From Busby to Ferguson, whether 100 per cent correct in detail or not, we perceive Manchester United as exciting. They possess power and status as well, of course, but we when thought of United, a red blur dashed across our minds.
What do we think now? Goalkeeper, possibly David De Gea, passes to defender who makes obvious pass to midfielder with his back to goal, who returns the ball to defence. Spread wide. Return to middle. Circulate ball again for the sake of it. Repeat until fade.
This is why players ask questions of managers.
Learned to cope
Once upon a time this strategy was different and it was Dutch, holistic and all the rest of it. But planet football saw that, adapted and learned to cope. Then Barcelona, post–Van Gaal, altered it to mesmeric effect but with the key, un-ignorable fact that Lionel Messi was on end-product duty.
Man United don’t have a Lionel Messi, no one else does. His presence changes everything about this system because he can transform it from possessive and flat to penetrative and fast.
United, like many others, need to find a different way to play but we are in a coaches’ world, where formations are feted over instinct and natural ability. Van Gaal is a big beast here.
Brendan Rodgers is not quite on the same plateau but he is another coach-manager who likes to give the impression that coaches can control matches from minutes one to 90. They can’t. Rafa Benítez couldn’t, Andre Villas-Boas couldn’t. Micro-managing suggests a lack of trust and intelligence.
It can alienate players and, as Steven Gerrard demonstrated in his 38-second appearance the last time the two clubs met, the major factors in English football are human nature, personality, environment, history, the crowd. The coach cannot control these.
Something the coach can control, if truly in charge, is transfer policy. United have just spent an initial £36 million (€49 million) on Anthony Martial from Monaco. Martial will be 20 in December. This week Van Gaal described the fee – which could rise a further £22 million (€30 million) – as “ridiculous”. He then said that the French teenager is for the next United manager, not exactly an endorsement.

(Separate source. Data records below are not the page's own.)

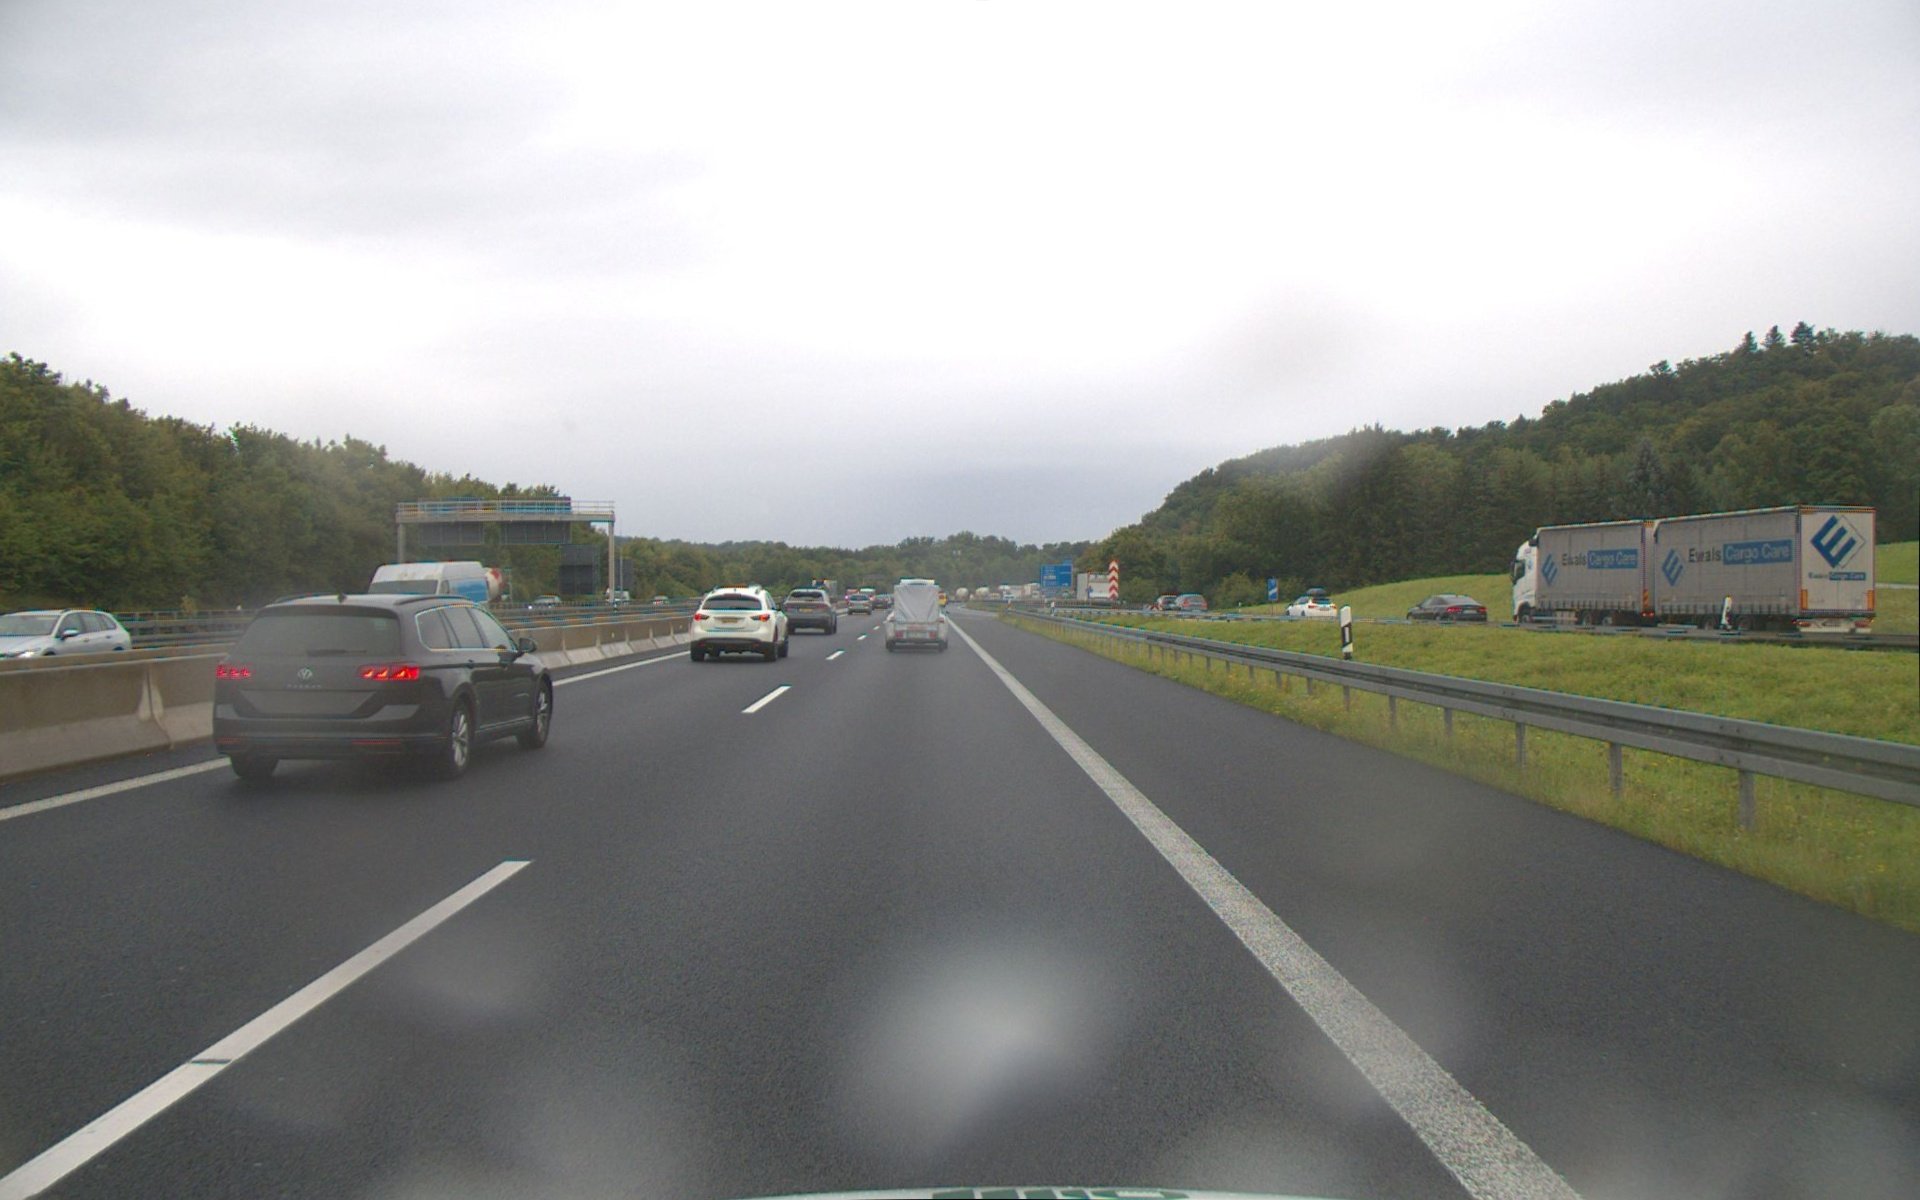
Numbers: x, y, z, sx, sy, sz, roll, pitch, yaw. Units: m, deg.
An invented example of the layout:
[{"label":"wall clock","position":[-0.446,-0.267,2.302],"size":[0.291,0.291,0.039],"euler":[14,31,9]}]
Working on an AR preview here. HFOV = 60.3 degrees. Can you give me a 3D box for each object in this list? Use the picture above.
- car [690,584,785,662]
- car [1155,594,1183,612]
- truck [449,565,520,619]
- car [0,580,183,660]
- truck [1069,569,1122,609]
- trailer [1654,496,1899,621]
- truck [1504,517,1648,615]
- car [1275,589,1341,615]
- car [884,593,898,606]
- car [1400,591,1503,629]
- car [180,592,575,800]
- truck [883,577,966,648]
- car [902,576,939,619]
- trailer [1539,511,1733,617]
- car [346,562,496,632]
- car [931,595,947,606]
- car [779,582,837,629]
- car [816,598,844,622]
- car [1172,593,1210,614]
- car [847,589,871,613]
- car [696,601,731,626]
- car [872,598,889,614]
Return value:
[{"label":"car","position":[-5.129,0.494,38.627],"size":[2.009,1.700,4.535],"euler":[1,0,-6]},{"label":"car","position":[16.059,0.255,127.133],"size":[1.662,1.311,3.534],"euler":[1,0,-1]},{"label":"truck","position":[-34.345,-0.600,119.782],"size":[2.631,3.725,9.554],"euler":[-1,0,-2]},{"label":"car","position":[-17.606,0.355,33.112],"size":[1.953,1.460,4.678],"euler":[1,0,-2]},{"label":"truck","position":[13.042,-1.056,160.494],"size":[3.750,3.723,8.263],"euler":[1,0,-5]},{"label":"trailer","position":[25.815,-1.225,52.858],"size":[3.020,3.588,8.070],"euler":[1,0,-8]},{"label":"truck","position":[24.165,-1.281,65.176],"size":[2.882,3.588,5.918],"euler":[1,0,-7]},{"label":"car","position":[19.300,0.134,91.943],"size":[1.949,1.401,5.068],"euler":[0,0,-9]},{"label":"car","position":[-8.848,-0.079,211.943],"size":[1.612,1.601,3.999],"euler":[1,0,-1]},{"label":"car","position":[19.031,0.346,64.352],"size":[1.948,1.401,5.311],"euler":[0,0,-6]},{"label":"car","position":[-4.767,0.689,14.368],"size":[1.751,1.484,4.801],"euler":[1,0,-1]},{"label":"truck","position":[-1.061,0.316,47.499],"size":[2.197,1.871,6.582],"euler":[0,0,-2]},{"label":"car","position":[-2.702,-0.163,111.266],"size":[2.285,2.773,6.535],"euler":[0,0,-3]},{"label":"trailer","position":[24.734,-1.239,61.061],"size":[2.882,3.588,8.407],"euler":[1,0,-7]},{"label":"car","position":[-14.302,-0.091,44.281],"size":[2.311,1.722,5.903],"euler":[0,0,-3]},{"label":"car","position":[-3.138,0.070,241.613],"size":[1.955,1.579,3.995],"euler":[1,0,-6]},{"label":"car","position":[-5.906,0.193,64.736],"size":[1.936,1.733,4.801],"euler":[1,0,-2]},{"label":"car","position":[-9.547,0.725,121.616],"size":[1.782,1.691,4.016],"euler":[0,0,-1]},{"label":"car","position":[14.573,0.222,104.654],"size":[1.510,1.311,3.529],"euler":[1,0,-7]},{"label":"car","position":[-7.944,0.070,130.343],"size":[1.703,1.825,3.999],"euler":[1,0,-2]},{"label":"car","position":[-17.895,0.946,120.162],"size":[1.954,1.679,5.024],"euler":[1,0,-3]},{"label":"car","position":[-8.280,0.588,171.977],"size":[1.612,1.601,3.999],"euler":[1,0,-1]}]

Liverpool were unable to retain Raheem Sterling, an indication of where they are in the scheme of things, and spent a chunk of the money received on Christian Benteke. As others have pointed out, Liverpool sold Andy Carroll because they wanted to play a certain way. Does acquiring Benteke not contradict that?
Liverpool have scored a goal less than United. Benteke has got one of the two. It came in a most fortunate win over Bournemouth. Benteke has been praised yet there have been basic errors in his play.
Philippe Coutinho has Liverpool’s other goal, against Stoke. Coutinho is the brightest spark of Rodgers’ signings but his transfer to another agent in March – Kia Joorabchian, of Carlos Tevez third-party ownership fame – has probably been noted at Anfield. For Coutinho to depart like Luis Suárez and Sterling would add to an impression that, in modern European terms, Liverpool are a Europa League club.
Coutinho misses the trip to Old Trafford. He was sent off in the 3-0 home defeat to West Ham. The following day, United lost 2-1 at Swansea.
So both clubs, both managers, both sets of players enter the game on the back of defeat. Neither team is flowing, the pressure is on and the notion that there is better fare at Selhurst Park is nigh on baffling.
Baffling. That’s a word for Manchester United and Liverpool just now.